Cuáles son los cambios que pidió la Unión Europea

El Ejecutivo presentó modificaciones al Texto Ordenado 1996 que agrupa disposiciones tributarias y dispuso que actividades antes exoneradas ahora paguen el IRAE.

Éstas son “las derivadas de derechos de propiedad intelectual obtenidas por una entidad integrante de un grupo multinacional relativos a patentes y software registrado, enajenados o utilizados económicamente en el exterior, en la parte que no corresponda a ingresos calificados”, y “los rendimientos de capital inmobiliario, dividendos, intereses, regalías y otros rendimientos de capital mobiliario e incrementos patrimoniales derivados de la enajenación de los activos que generan los rendimientos precedentes, obtenidos en el exterior siempre que no se trate de una entidad calificada”.

El otro cambio en el régimen fiscal de las multinacionales con sede en Uruguay es una revisión de qué ingreso se entiende como “calificado”, estableciendo nuevas condiciones que debe cumplir una empresa para ser considerada en esta categoría, incorporando una cláusula específica antiabuso.

El objetivo, explicó el Ministerio de Economía y Finanzas, es controlar las estrategias de planificación fiscal de las multinacionales que muchas veces son agresivas y, por ende, presentan el mayor riesgo de erosión de la base imponible.
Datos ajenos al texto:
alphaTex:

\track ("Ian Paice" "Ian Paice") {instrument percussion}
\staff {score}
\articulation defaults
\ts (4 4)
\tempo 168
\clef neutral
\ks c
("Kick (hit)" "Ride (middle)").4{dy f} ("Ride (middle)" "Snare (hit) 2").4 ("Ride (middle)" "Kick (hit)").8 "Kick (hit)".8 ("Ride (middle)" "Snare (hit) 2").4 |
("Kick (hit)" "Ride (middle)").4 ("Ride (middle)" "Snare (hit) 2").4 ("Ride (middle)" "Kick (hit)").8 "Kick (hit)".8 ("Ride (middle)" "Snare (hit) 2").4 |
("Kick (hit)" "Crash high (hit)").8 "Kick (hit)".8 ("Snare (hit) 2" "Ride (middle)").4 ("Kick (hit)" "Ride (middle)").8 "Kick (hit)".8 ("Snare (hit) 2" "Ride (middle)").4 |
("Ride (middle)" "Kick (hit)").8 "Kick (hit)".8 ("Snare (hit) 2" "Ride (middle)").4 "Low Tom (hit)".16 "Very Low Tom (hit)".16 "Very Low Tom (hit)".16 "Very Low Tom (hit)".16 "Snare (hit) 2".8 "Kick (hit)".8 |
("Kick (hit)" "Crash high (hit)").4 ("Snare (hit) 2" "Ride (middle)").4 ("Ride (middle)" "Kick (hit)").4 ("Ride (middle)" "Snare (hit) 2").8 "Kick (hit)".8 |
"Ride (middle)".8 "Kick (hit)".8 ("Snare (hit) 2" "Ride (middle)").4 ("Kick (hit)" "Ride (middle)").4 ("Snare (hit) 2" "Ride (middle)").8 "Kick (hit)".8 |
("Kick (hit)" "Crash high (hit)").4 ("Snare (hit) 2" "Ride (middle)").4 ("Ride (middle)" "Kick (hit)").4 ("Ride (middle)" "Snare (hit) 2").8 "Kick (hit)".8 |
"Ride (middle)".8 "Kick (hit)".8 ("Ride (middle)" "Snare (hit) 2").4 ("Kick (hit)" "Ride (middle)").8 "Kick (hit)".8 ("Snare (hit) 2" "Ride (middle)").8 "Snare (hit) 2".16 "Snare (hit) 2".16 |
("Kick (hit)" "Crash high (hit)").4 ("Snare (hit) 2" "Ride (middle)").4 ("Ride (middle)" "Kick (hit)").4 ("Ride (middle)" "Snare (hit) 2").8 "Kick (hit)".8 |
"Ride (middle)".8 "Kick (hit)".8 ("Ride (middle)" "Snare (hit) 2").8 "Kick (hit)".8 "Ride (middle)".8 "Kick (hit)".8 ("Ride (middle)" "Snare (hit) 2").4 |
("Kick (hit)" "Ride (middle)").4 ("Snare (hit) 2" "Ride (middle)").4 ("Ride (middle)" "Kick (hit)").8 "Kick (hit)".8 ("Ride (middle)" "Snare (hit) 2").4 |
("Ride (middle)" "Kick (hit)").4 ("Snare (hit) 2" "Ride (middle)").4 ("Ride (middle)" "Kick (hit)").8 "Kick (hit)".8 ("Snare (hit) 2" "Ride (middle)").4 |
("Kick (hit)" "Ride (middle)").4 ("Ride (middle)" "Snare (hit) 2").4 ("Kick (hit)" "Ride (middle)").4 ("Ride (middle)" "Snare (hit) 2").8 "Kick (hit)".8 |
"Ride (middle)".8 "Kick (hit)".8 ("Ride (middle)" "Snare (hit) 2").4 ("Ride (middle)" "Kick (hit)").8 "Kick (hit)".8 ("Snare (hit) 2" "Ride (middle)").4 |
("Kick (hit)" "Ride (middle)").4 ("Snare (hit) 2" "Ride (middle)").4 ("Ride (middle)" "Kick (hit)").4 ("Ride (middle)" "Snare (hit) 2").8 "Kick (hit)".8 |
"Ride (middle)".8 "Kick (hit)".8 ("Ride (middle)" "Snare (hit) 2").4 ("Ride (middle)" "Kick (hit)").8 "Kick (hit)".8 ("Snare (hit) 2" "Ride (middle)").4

Debate parlamentario exprés y polémica

El diputado oficialista Gonzalo Mujica, del Partido Nacional, defendió las modificaciones porque “salvan las dificultades manteniendo el principio de territorialidad que tiene Uruguay desde hace muchos años”, que implica que se pagan impuestos por los hechos que ocurren dentro del territorio, a diferencia de la renta mundial, criterio que aplican la mayoría de los países y permite gravar actividades hechas en otras jurisdicciones por empresas locales.

Desde el izquierdista Frente Amplio, si bien se apoyó el proyecto en las dos cámaras del Parlamento, se criticó el carácter de urgencia con que fue tratado. La diputada Bettiana Díaz dijo que “se discute nada más ni nada menos que una adecuación tributaria sin que estuvieran las autoridades del MEF”. Cuestionó que los asesores técnicos enviados no lograron detallar a cuántas multinacionales afectará y si ello implicará un aumento recaudatorio para el Estado.